Below are records to retype exactly, except for the pictures.

Top of Material for this exercise

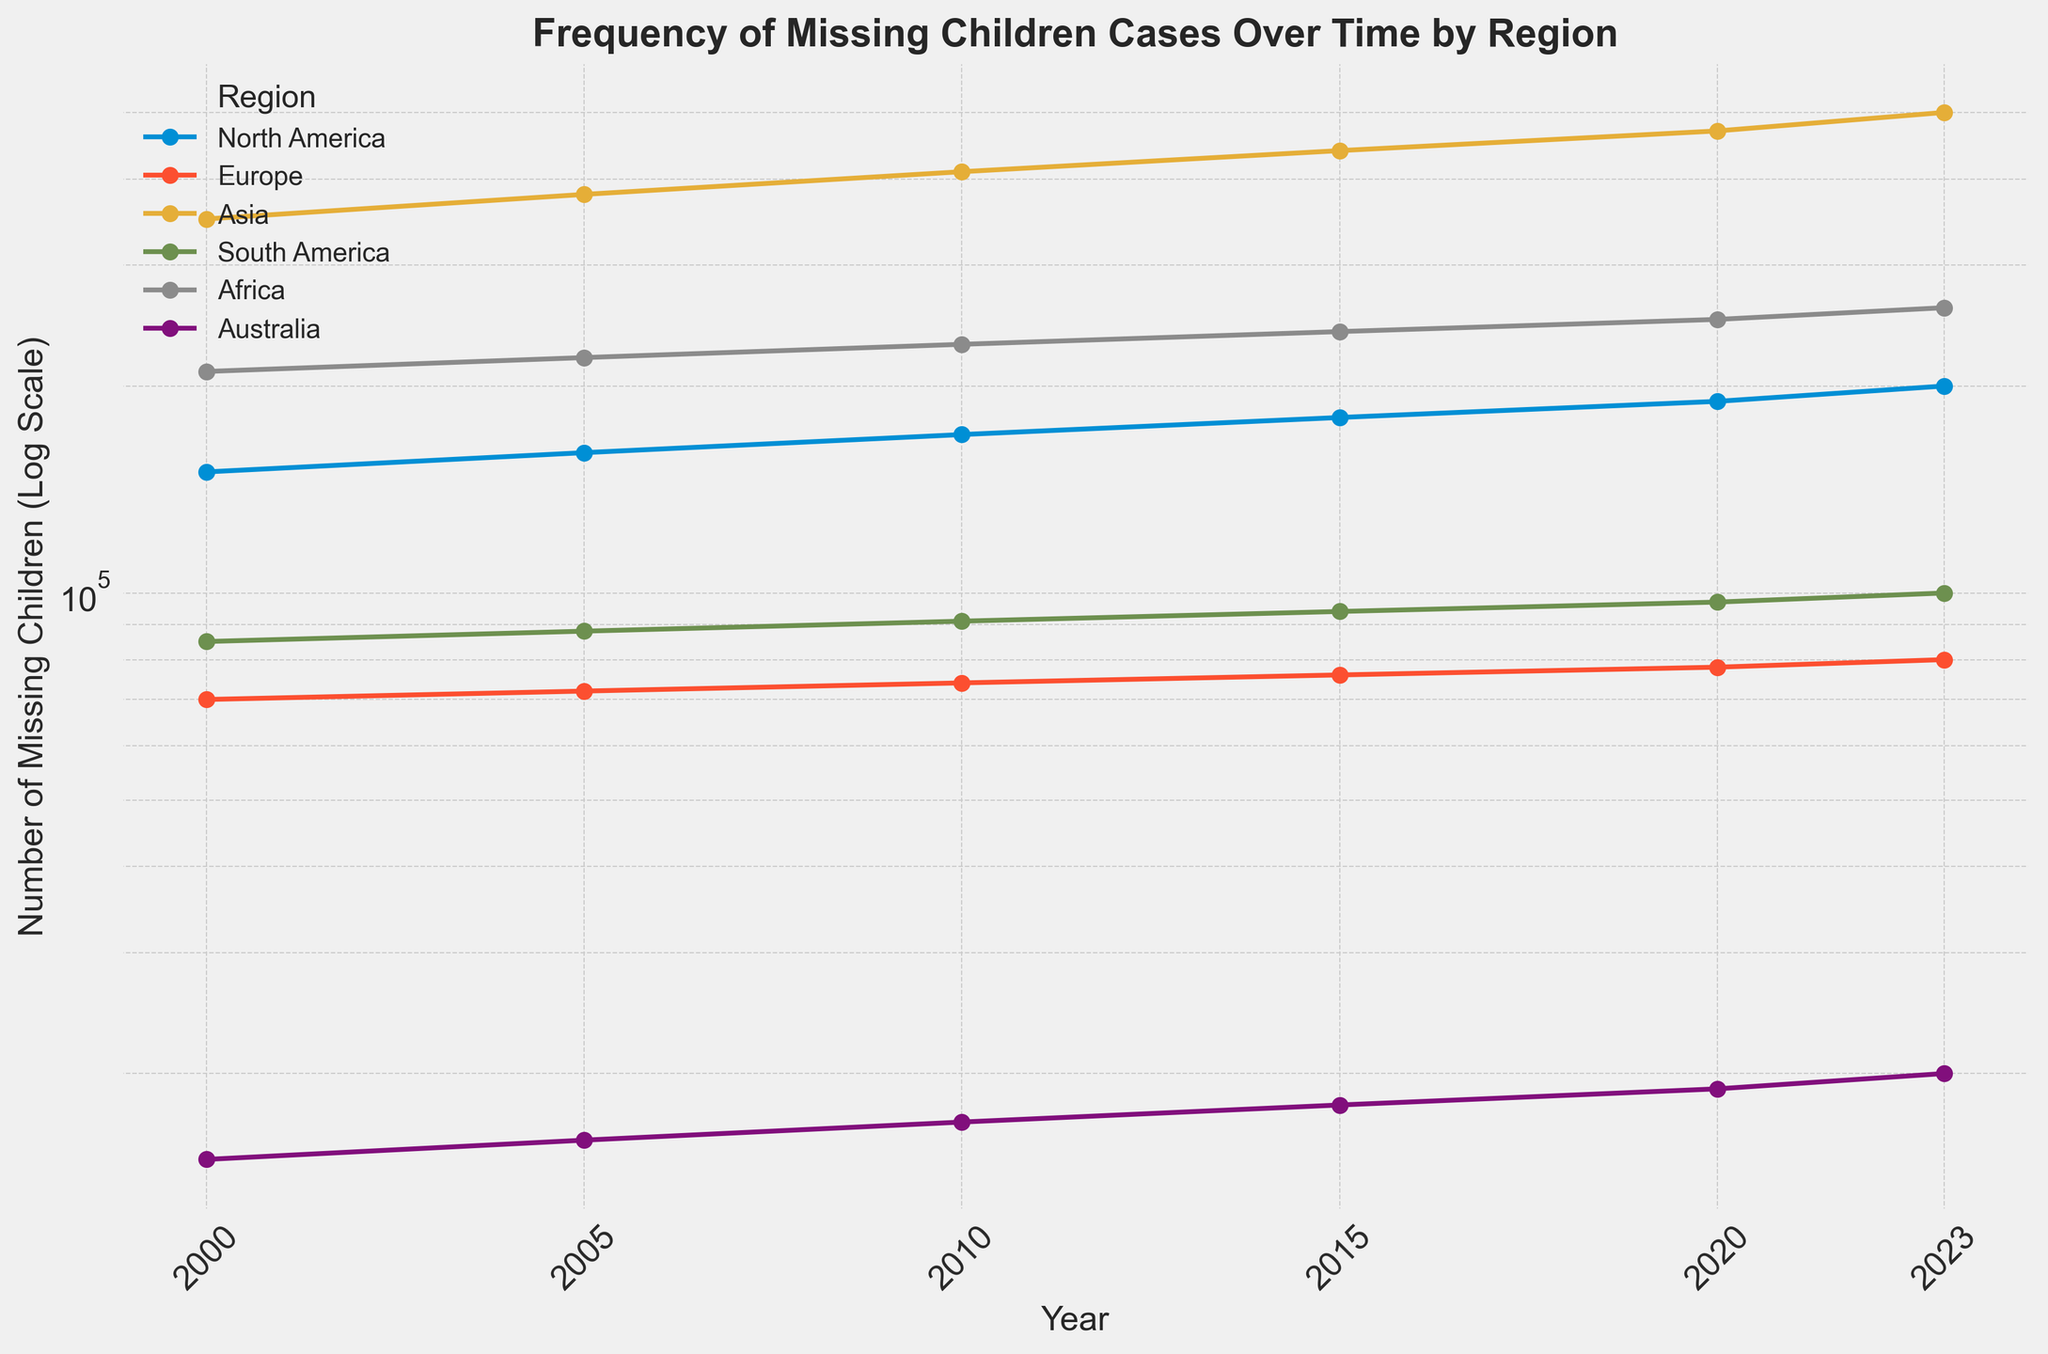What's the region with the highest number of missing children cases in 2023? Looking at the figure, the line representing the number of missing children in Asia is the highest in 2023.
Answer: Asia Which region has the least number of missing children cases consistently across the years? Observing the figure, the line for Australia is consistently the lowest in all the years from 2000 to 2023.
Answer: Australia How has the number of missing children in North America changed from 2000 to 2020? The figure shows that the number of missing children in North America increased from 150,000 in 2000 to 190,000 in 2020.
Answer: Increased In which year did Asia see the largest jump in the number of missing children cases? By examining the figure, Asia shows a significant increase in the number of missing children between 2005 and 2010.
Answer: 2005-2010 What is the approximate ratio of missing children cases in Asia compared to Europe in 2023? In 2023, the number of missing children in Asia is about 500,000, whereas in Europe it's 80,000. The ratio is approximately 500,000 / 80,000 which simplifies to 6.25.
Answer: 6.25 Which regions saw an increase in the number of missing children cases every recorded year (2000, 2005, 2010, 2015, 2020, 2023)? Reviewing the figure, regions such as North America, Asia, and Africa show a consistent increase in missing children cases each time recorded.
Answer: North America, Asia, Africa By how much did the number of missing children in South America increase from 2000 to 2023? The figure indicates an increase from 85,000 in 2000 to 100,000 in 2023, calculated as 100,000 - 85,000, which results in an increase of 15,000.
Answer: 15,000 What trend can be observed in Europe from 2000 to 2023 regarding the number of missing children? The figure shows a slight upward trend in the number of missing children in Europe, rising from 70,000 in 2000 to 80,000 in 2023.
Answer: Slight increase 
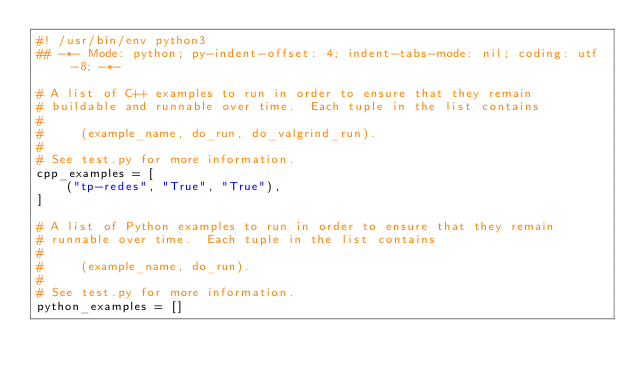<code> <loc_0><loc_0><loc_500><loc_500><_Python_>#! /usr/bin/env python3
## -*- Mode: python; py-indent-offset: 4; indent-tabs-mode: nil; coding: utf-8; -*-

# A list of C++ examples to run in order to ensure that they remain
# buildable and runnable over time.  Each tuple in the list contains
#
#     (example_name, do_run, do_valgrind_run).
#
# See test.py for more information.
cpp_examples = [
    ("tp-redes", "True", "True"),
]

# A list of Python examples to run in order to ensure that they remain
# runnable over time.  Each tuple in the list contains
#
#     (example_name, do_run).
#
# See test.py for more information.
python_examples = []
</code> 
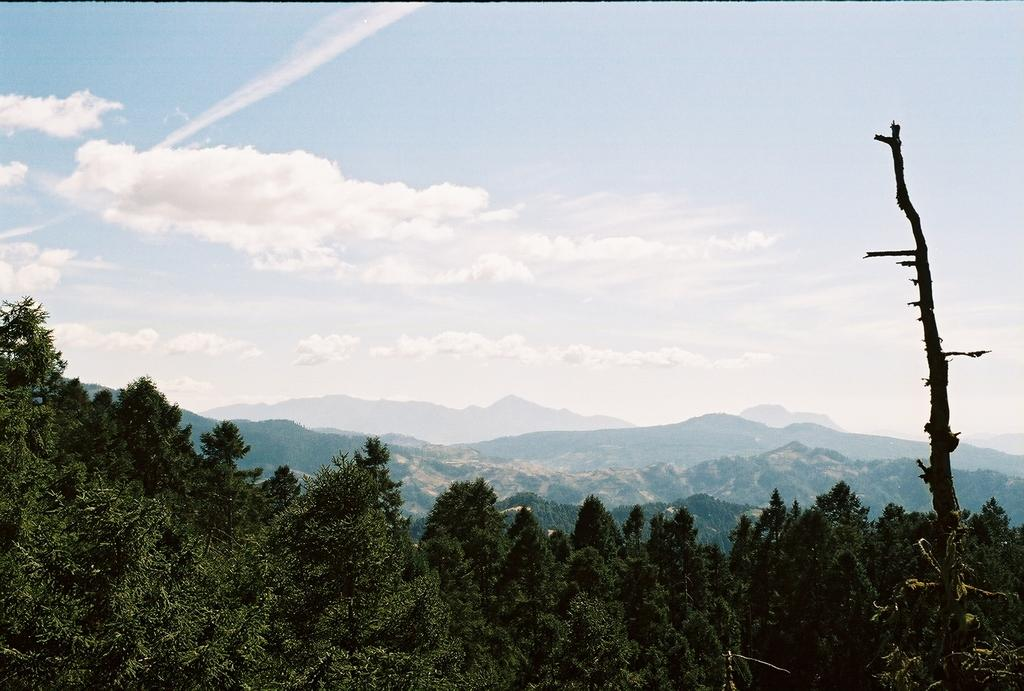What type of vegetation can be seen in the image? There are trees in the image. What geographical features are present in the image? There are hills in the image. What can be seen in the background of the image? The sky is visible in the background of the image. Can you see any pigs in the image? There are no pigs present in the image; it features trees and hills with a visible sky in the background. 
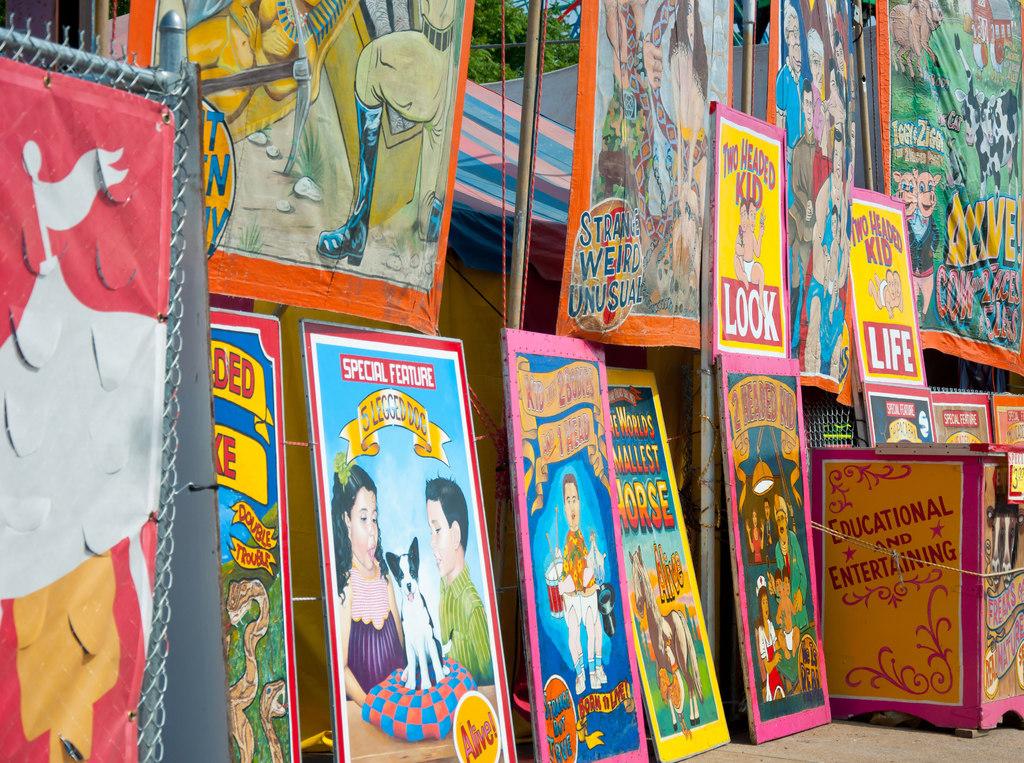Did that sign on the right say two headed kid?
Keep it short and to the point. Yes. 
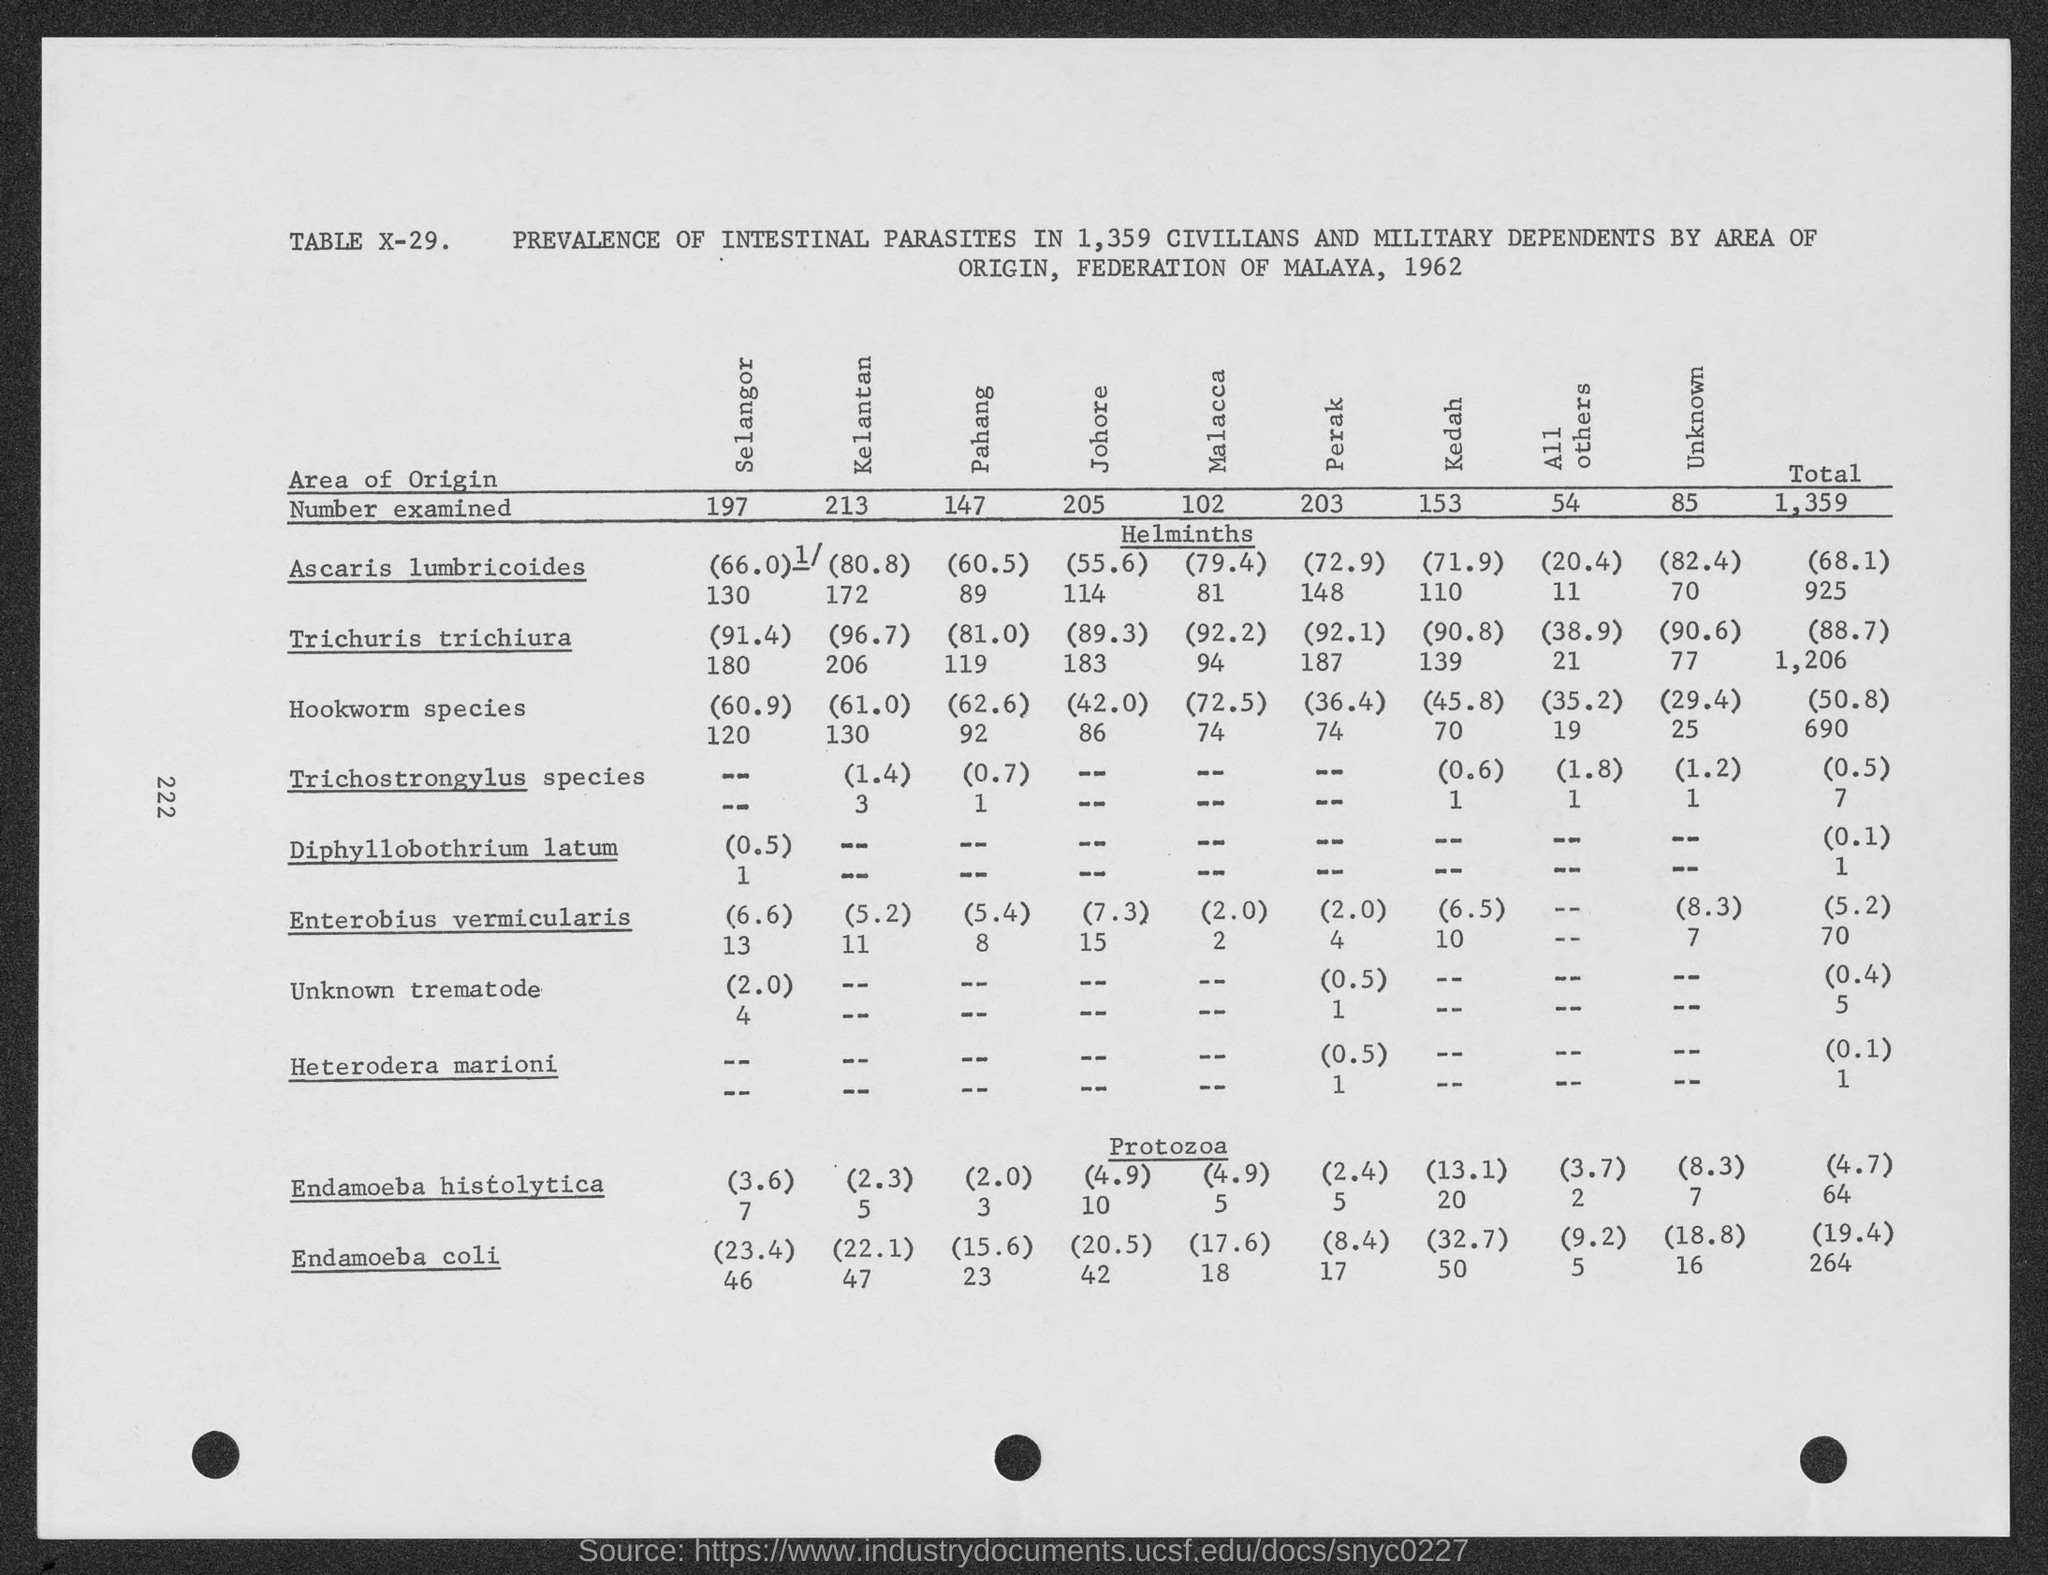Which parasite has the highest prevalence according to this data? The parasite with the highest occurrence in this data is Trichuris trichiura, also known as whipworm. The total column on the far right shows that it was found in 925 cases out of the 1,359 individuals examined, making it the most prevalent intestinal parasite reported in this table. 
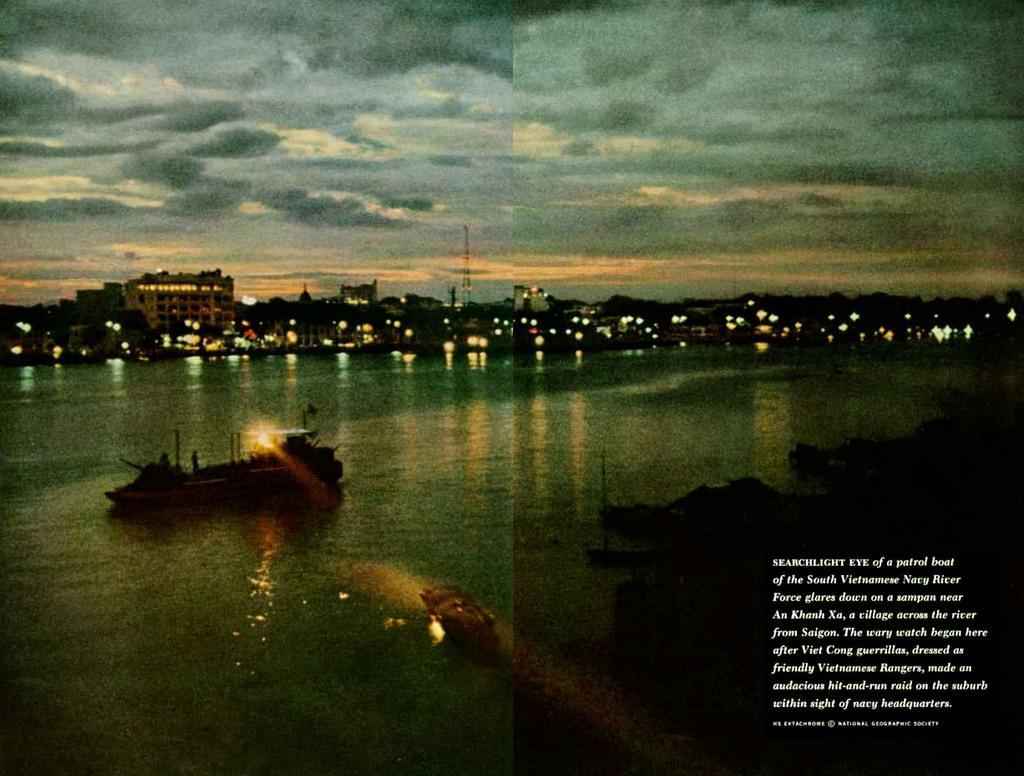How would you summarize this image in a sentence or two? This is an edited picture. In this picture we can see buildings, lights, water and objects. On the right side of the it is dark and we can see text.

Bottom of Material for this exercise

Response area:
What's the region with the highest number of missing children cases in 2023? Looking at the figure, the line representing the number of missing children in Asia is the highest in 2023.
Answer: Asia Which region has the least number of missing children cases consistently across the years? Observing the figure, the line for Australia is consistently the lowest in all the years from 2000 to 2023.
Answer: Australia How has the number of missing children in North America changed from 2000 to 2020? The figure shows that the number of missing children in North America increased from 150,000 in 2000 to 190,000 in 2020.
Answer: Increased In which year did Asia see the largest jump in the number of missing children cases? By examining the figure, Asia shows a significant increase in the number of missing children between 2005 and 2010.
Answer: 2005-2010 What is the approximate ratio of missing children cases in Asia compared to Europe in 2023? In 2023, the number of missing children in Asia is about 500,000, whereas in Europe it's 80,000. The ratio is approximately 500,000 / 80,000 which simplifies to 6.25.
Answer: 6.25 Which regions saw an increase in the number of missing children cases every recorded year (2000, 2005, 2010, 2015, 2020, 2023)? Reviewing the figure, regions such as North America, Asia, and Africa show a consistent increase in missing children cases each time recorded.
Answer: North America, Asia, Africa By how much did the number of missing children in South America increase from 2000 to 2023? The figure indicates an increase from 85,000 in 2000 to 100,000 in 2023, calculated as 100,000 - 85,000, which results in an increase of 15,000.
Answer: 15,000 What trend can be observed in Europe from 2000 to 2023 regarding the number of missing children? The figure shows a slight upward trend in the number of missing children in Europe, rising from 70,000 in 2000 to 80,000 in 2023.
Answer: Slight increase 
<code> <loc_0><loc_0><loc_500><loc_500><_Python_>#! /usr/bin/env python3
## -*- Mode: python; py-indent-offset: 4; indent-tabs-mode: nil; coding: utf-8; -*-

# A list of C++ examples to run in order to ensure that they remain
# buildable and runnable over time.  Each tuple in the list contains
#
#     (example_name, do_run, do_valgrind_run).
#
# See test.py for more information.
cpp_examples = [
    ("tp-redes", "True", "True"),
]

# A list of Python examples to run in order to ensure that they remain
# runnable over time.  Each tuple in the list contains
#
#     (example_name, do_run).
#
# See test.py for more information.
python_examples = []
</code> 
What type of vegetation can be seen in the image? There are trees in the image. What geographical features are present in the image? There are hills in the image. What can be seen in the background of the image? The sky is visible in the background of the image. Can you see any pigs in the image? There are no pigs present in the image; it features trees and hills with a visible sky in the background. 
Did that sign on the right say two headed kid?
Keep it short and to the point. Yes. 
Which parasite has the highest prevalence according to this data? The parasite with the highest occurrence in this data is Trichuris trichiura, also known as whipworm. The total column on the far right shows that it was found in 925 cases out of the 1,359 individuals examined, making it the most prevalent intestinal parasite reported in this table. 
How would you summarize this image in a sentence or two? This is an edited picture. In this picture we can see buildings, lights, water and objects. On the right side of the it is dark and we can see text.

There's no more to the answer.